Advanced statistics for acoustic imaging.
Acoustic source reconstruction with noisy data.
Acoustic imaging problems consist in identifying acoustic sources from microphone array noisy measurements and quantifying their sensitivity to external, uncontrolled perturbations. Important issues on spatial positions of the microphone arrays arise in sequential acquisitions.
Challenges and goals
To measure the sensitivity of reconstruction methods to external nuisance parameter (reflection property, temperature, etc.) and to construct an experimental design in a sequential learning context.

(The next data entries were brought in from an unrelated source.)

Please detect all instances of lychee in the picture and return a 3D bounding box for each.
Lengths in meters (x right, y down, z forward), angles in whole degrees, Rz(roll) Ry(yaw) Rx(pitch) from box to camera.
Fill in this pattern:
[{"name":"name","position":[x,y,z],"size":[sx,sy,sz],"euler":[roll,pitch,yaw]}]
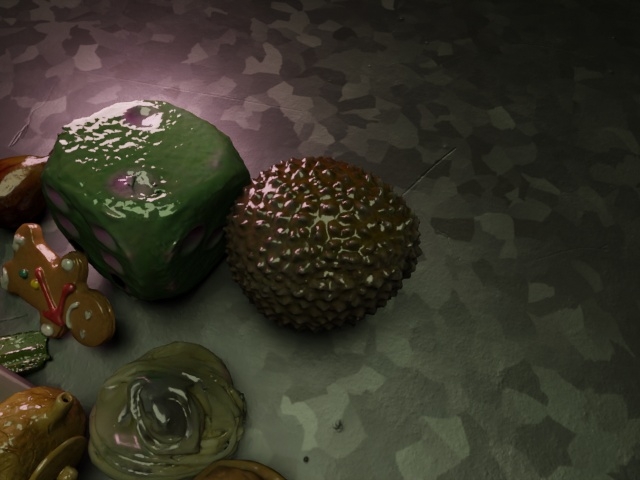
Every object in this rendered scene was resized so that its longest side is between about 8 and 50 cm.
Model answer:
[{"name":"lychee","position":[0.000,0.000,0.887],"size":[0.432,0.380,0.380],"euler":[3,51,45]}]

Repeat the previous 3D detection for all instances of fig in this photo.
[{"name":"fig","position":[-0.738,-0.161,1.056],"size":[0.170,0.145,0.274],"euler":[39,80,16]}]

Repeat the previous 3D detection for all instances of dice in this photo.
[{"name":"dice","position":[-0.365,-0.082,0.923],"size":[0.318,0.322,0.330],"euler":[32,52,9]}]

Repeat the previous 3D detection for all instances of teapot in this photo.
[{"name":"teapot","position":[-0.493,0.384,0.727],"size":[0.166,0.203,0.311],"euler":[26,105,11]}]

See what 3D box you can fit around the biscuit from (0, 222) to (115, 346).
[{"name":"biscuit","position":[-0.576,0.109,0.907],"size":[0.339,0.047,0.216],"euler":[36,109,16]}]

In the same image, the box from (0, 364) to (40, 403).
[{"name":"box","position":[-0.681,0.340,0.763],"size":[0.203,0.106,0.252],"euler":[42,63,-18]}]

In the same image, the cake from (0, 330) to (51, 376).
[{"name":"cake","position":[-0.714,0.266,0.894],"size":[0.235,0.099,0.100],"euler":[-8,59,-33]}]

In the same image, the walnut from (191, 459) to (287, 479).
[{"name":"walnut","position":[-0.136,0.498,0.691],"size":[0.256,0.224,0.257],"euler":[3,62,-5]}]

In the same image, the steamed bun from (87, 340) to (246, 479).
[{"name":"steamed bun","position":[-0.294,0.329,0.787],"size":[0.280,0.207,0.268],"euler":[-33,68,-17]}]
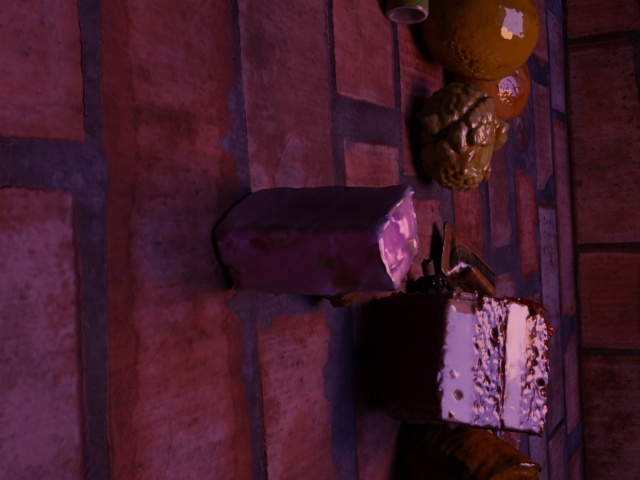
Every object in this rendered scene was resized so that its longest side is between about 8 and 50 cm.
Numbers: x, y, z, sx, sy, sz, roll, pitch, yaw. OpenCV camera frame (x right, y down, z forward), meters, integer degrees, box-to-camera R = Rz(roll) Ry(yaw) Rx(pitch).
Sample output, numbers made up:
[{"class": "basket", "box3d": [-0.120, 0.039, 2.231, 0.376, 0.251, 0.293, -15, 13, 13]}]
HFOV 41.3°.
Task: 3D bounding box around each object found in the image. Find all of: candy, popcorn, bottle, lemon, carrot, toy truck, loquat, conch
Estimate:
[{"class": "candy", "box3d": [0.000, 0.000, 1.211, 0.155, 0.265, 0.115, -47, 132, -54]}, {"class": "popcorn", "box3d": [0.319, -0.240, 1.961, 0.255, 0.195, 0.256, 0, 87, -54]}, {"class": "bottle", "box3d": [0.189, -0.640, 1.830, 0.093, 0.093, 0.330, 18, 71, -62]}, {"class": "lemon", "box3d": [0.379, -0.503, 1.987, 0.310, 0.258, 0.257, 19, 67, -27]}, {"class": "carrot", "box3d": [0.288, 0.500, 1.794, 0.242, 0.341, 0.241, -11, 109, -34]}, {"class": "toy truck", "box3d": [0.246, 0.149, 1.888, 0.065, 0.079, 0.147, -33, 118, -58]}, {"class": "candy", "box3d": [0.354, 0.074, 2.095, 0.271, 0.101, 0.143, 46, 42, -45]}, {"class": "loquat", "box3d": [0.445, -0.407, 2.208, 0.238, 0.193, 0.238, -9, 90, -68]}, {"class": "conch", "box3d": [0.039, 0.058, 1.495, 0.080, 0.086, 0.232, 35, 26, -6]}]

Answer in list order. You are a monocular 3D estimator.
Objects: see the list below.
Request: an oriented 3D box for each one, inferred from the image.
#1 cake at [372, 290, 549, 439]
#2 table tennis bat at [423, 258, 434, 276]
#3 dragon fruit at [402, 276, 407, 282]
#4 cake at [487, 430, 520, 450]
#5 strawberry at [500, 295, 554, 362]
[{"class": "cake", "box3d": [0.270, 0.241, 1.663, 0.290, 0.256, 0.282, 8, 79, -27]}, {"class": "table tennis bat", "box3d": [0.272, 0.152, 2.009, 0.131, 0.022, 0.234, -50, 132, -53]}, {"class": "dragon fruit", "box3d": [0.130, 0.054, 1.694, 0.083, 0.060, 0.056, 36, 59, -25]}, {"class": "cake", "box3d": [0.413, 0.491, 2.209, 0.295, 0.113, 0.116, 52, 40, -30]}, {"class": "strawberry", "box3d": [0.484, 0.272, 2.237, 0.261, 0.258, 0.261, 0, 90, -86]}]
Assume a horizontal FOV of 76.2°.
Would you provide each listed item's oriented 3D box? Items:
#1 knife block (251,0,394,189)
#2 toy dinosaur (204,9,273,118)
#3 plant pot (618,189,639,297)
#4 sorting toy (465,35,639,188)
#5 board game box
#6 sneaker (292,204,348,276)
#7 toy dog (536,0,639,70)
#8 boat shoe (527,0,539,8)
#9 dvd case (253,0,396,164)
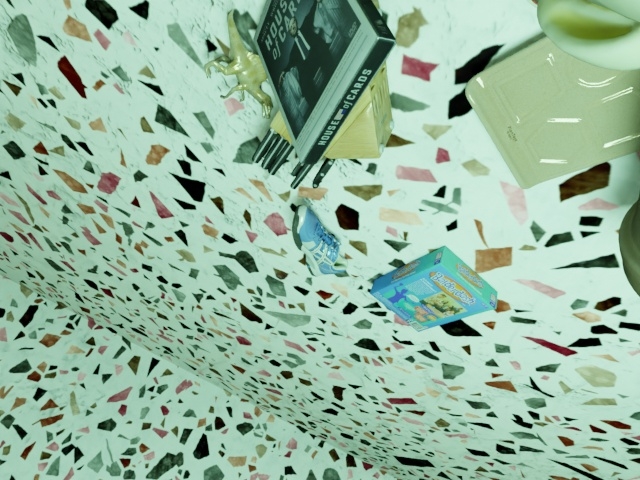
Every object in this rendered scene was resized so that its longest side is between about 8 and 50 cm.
[{"bbox_3d":[-0.020,-0.204,0.620,0.242,0.088,0.275,6,138,23],"label":"knife block"},{"bbox_3d":[-0.129,-0.276,0.642,0.093,0.053,0.183,-3,145,15],"label":"toy dinosaur"},{"bbox_3d":[0.438,-0.061,0.395,0.263,0.263,0.229,-11,126,37],"label":"plant pot"},{"bbox_3d":[0.321,-0.175,0.511,0.208,0.038,0.193,-23,121,38],"label":"sorting toy"},{"bbox_3d":[0.234,0.111,0.866,0.160,0.047,0.210,39,140,-15],"label":"board game box"},{"bbox_3d":[0.000,0.000,0.858,0.081,0.080,0.211,0,144,21],"label":"sneaker"},{"bbox_3d":[0.256,-0.225,0.210,0.408,0.395,0.284,32,113,-1],"label":"toy dog"},{"bbox_3d":[0.207,-0.302,0.419,0.137,0.049,0.043,45,136,-15],"label":"boat shoe"},{"bbox_3d":[-0.014,-0.240,0.487,0.030,0.238,0.179,-5,151,-32],"label":"dvd case"}]

Mathematical and computational methods
A mathematical model provides us with a framework for sources reconstruction from given measurements. This ill-posed linear inverse problem can be solved among others by classical beamforming approaches or Bayesian algorithms. Advanced statistical tools are involved in the analysis of the sensitivity to external conditions. To better identify the positions of the microphones, a sequential measurement design has been constructed to take advantage of properties of a recent Bayesian algorithm.
Results and Benefits
Our analysis on sensitivity points out external conditions which strongly influence the stability of the result. A data driven guide for the measurements is given by a new sequential Bayesian experimental design to be implemented on the softwares developed by MicrodB.
Collaboration has been conducted under the FUI program LUG2 (fund ed by BPIFrance and Auvergne-Rhone-Alpes Region).
Industrial software for acoustic source reconstruction using state-of-art statistical methods.